ECE2023 Oral Communications Oral Communications 5: Adrenal and Cardiovascular Endocrinology 1 (6 abstracts)
1S. Orsola-Malpighi Polyclinic, Endocrinology and Diabetes Care and Prevention Unit, Bologna, Italy; 2Alma Mater Studiorum Bologna University, Center for Applied Biomedical Research, Dept. of Medical and Surgical Sciences, Bologna, Italy
Background: The dexamethasone suppression test (DST) is among essential tests for hypercortisolism diagnosis. Due to high sensitivity and specificity, liquid chromatography-tandem mass spectrometry (LC-MS/MS) is replacing obsolete immunoassays (IA) for steroid measurement. However, exhaustive data about IA and LC-MS/MS concordance in the frame of DST are still not available.
Aim: To compare cortisol measurements by two routine IAs and LC-MS/MS in basal (F0) and post-DST (Fdst) sera. To assess between-method concordance in diagnosing hypercortisolism.

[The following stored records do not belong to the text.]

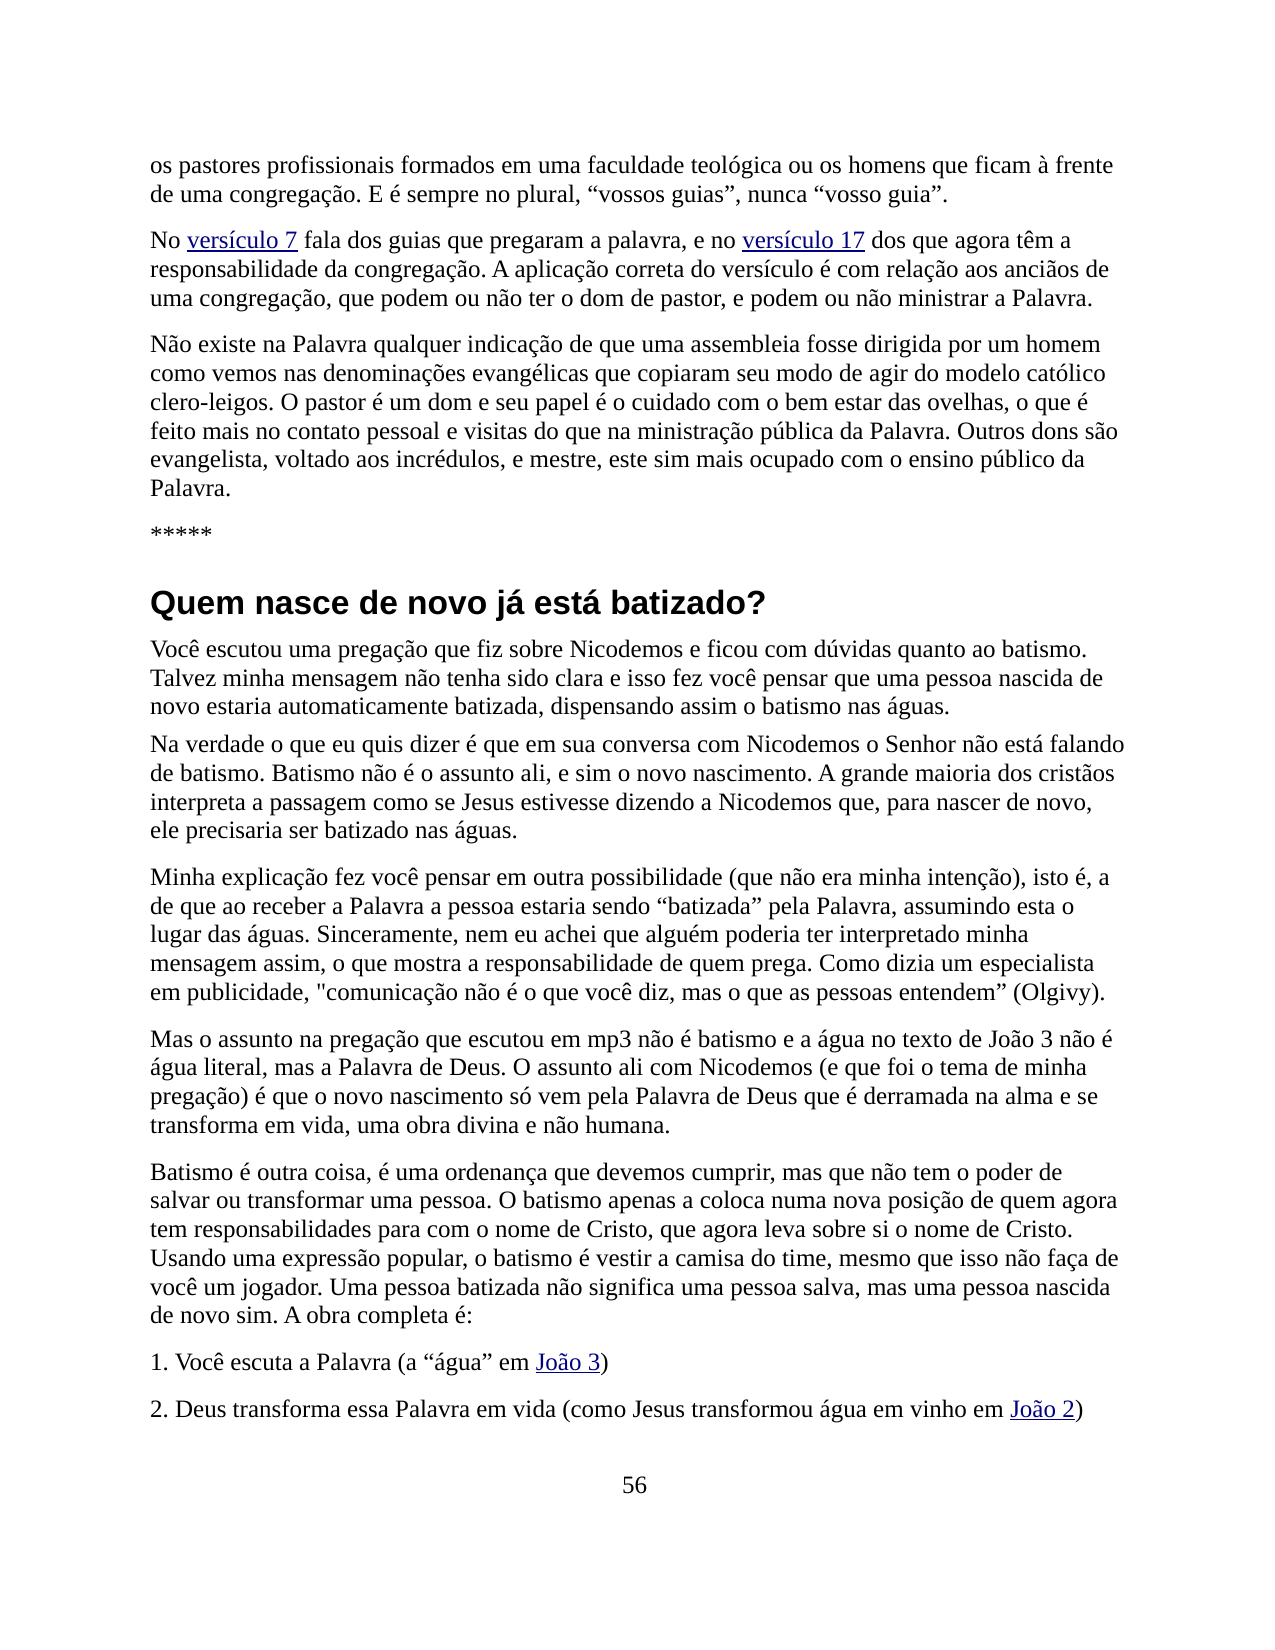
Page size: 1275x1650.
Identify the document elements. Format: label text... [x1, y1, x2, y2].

text ***** [150, 520, 1125, 549]
text Mas o assunto na pregação que escutou em mp3 não é batismo e a água no texto de João 3 não é água literal, mas a Palavra de Deus. O assunto ali com Nicodemos (e que foi o tema de minha pregação) é que o novo nascimento só vem pela Palavra de Deus que é derramada na alma e se transforma em vida, uma obra divina e não humana. [150, 1024, 1125, 1139]
subtitle Quem nasce de novo já está batizado? [150, 583, 1125, 621]
text ​2. Deus transforma essa Palavra em vida (como Jesus transformou água em vinho em João 2) [150, 1394, 1125, 1422]
text Não existe na Palavra qualquer indicação de que uma assembleia fosse dirigida por um homem como vemos nas denominações evangélicas que copiaram seu modo de agir do modelo católico clero-leigos. O pastor é um dom e seu papel é o cuidado com o bem estar das ovelhas, o que é feito mais no contato pessoal e visitas do que na ministração pública da Palavra. Outros dons são evangelista, voltado aos incrédulos, e mestre, este sim mais ocupado com o ensino público da Palavra. [150, 329, 1125, 502]
text Você escutou uma pregação que fiz sobre Nicodemos e ficou com dúvidas quanto ao batismo. Talvez minha mensagem não tenha sido clara e isso fez você pensar que uma pessoa nascida de novo estaria automaticamente batizada, dispensando assim o batismo nas águas. [150, 634, 1125, 720]
text ​1. Você escuta a Palavra (a “água” em João 3) [150, 1347, 1125, 1376]
text No versículo 7 fala dos guias que pregaram a palavra, e no versículo 17 dos que agora têm a responsabilidade da congregação. A aplicação correta do versículo é com relação aos anciãos de uma congregação, que podem ou não ter o dom de pastor, e podem ou não ministrar a Palavra. [150, 225, 1125, 312]
text Batismo é outra coisa, é uma ordenança que devemos cumprir, mas que não tem o poder de salvar ou transformar uma pessoa. O batismo apenas a coloca numa nova posição de quem agora tem responsabilidades para com o nome de Cristo, que agora leva sobre si o nome de Cristo. Usando uma expressão popular, o batismo é vestir a camisa do time, mesmo que isso não faça de você um jogador. Uma pessoa batizada não significa uma pessoa salva, mas uma pessoa nascida de novo sim. A obra completa é: [150, 1157, 1125, 1329]
text Na verdade o que eu quis dizer é que em sua conversa com Nicodemos o Senhor não está falando de batismo. Batismo não é o assunto ali, e sim o novo nascimento. A grande maioria dos cristãos interpreta a passagem como se Jesus estivesse dizendo a Nicodemos que, para nascer de novo, ele precisaria ser batizado nas águas. [150, 729, 1125, 844]
text Minha explicação fez você pensar em outra possibilidade (que não era minha intenção), isto é, a de que ao receber a Palavra a pessoa estaria sendo “batizada” pela Palavra, assumindo esta o lugar das águas. Sinceramente, nem eu achei que alguém poderia ter interpretado minha mensagem assim, o que mostra a responsabilidade de quem prega. Como dizia um especialista em publicidade, "comunicação não é o que você diz, mas o que as pessoas entendem” (Olgivy). [150, 862, 1125, 1006]
text os pastores profissionais formados em uma faculdade teológica ou os homens que ficam à frente de uma congregação. E é sempre no plural, “vossos guias”, nunca “vosso guia”. [150, 150, 1125, 207]

Methods: We enrolled 330 patients with hypercortisolism suspicion or adrenal mass. Of these, 287 patients had their paired F0 and Fdst measured by ElecsysE170 (Roche), and 43 by DxI800 (Beckman). All samples were also measured by a validated LC-MS/MS method. Methods were compared by Wilcoxon test and Passing and Bablok regression. We evaluated between-methods concordance in classifying patients in non-secreting (NS) (Fdst<18 ng/ml), possible autonomous cortisol secretion (PACS) (Fdst:18-50 ng/ml) and autonomous cortisol secretion (ACS) (Fdst≥50 ng/ml).
Results: F0 levels assayed by ElecsysE170 (median (min-max): 151.0 (47.0-380.0) ng/ml) were significantly higher than by LC-MS/MS (116.8 (38.1-249.5) ng/ml))(P<0.001), with significant proportional overestimation (slope(95CI): 1.366(1.309-1.423)) and constant underestimation (intercept(95CI): −7.9(-14.1--1.8)) of the former and R=0.916. Comparing DxI800 vs LC-MS/MS resulted in higher values (134.0 (52.0-269.0) ng/ml vs 115.1 (55.3-207.8) ng/ml, respectively) (P<0.001), significant slope (1.337(1.226-1.451)) and intercept (-18.6(-33,3--7.3)) and R=0.955. Regarding Fdst levels, no significant differences were found between ElecsysE170 (14.0 (3.00-290.0) ng/ml) and LC-MS/MS (13.70 (2.72-168.7) ng/ml) (P=0.060), with no significant proportional or constant errors and R=0.907. No difference was obtained for DxI800 (14.0 (6.0-258.0) ng/ml) vs LC-MS/MS (13.3 (6.9-199.0) ng/ml) (P=0.160), with no proportional error, R=0.910, and a small significant constant underestimation (intercept: −2.8; 95CI: −4.9--0.7). According to ElecsysE170, we classified 186 patients (64.8%) as NS, 88 (30.7%) as PACS and 13 (4.5%) as ACS. When using LC-MS/MS, 13 (7%, false negatives) of NS, 19 (21.6%, false positives) of PACS and 3 (23.1%, false positives) of ACS were not confirmed, with total 35 (12.2%) misdiagnoses. When using DxI800 Fdst, 26 (60.5%) were NS, 14 (32.5%) were PACS and 3 (7.0%) were ACS. Of these, LC-MS/MS did not confirm 1 (3.8%, false negative) within NS and 1 case (33.3%, false positive) within ACS classes, with total 2 (4.7%) misdiagnoses.
Conclusions: Unexpectedly, concordance between LC-MS/MS and IAs is poorer at basal than DST-suppressed cortisol levels. Nonetheless, a non-negligible amount of patients may receive a different diagnosis when using the more specific and accurate LC-MS/MS measurement.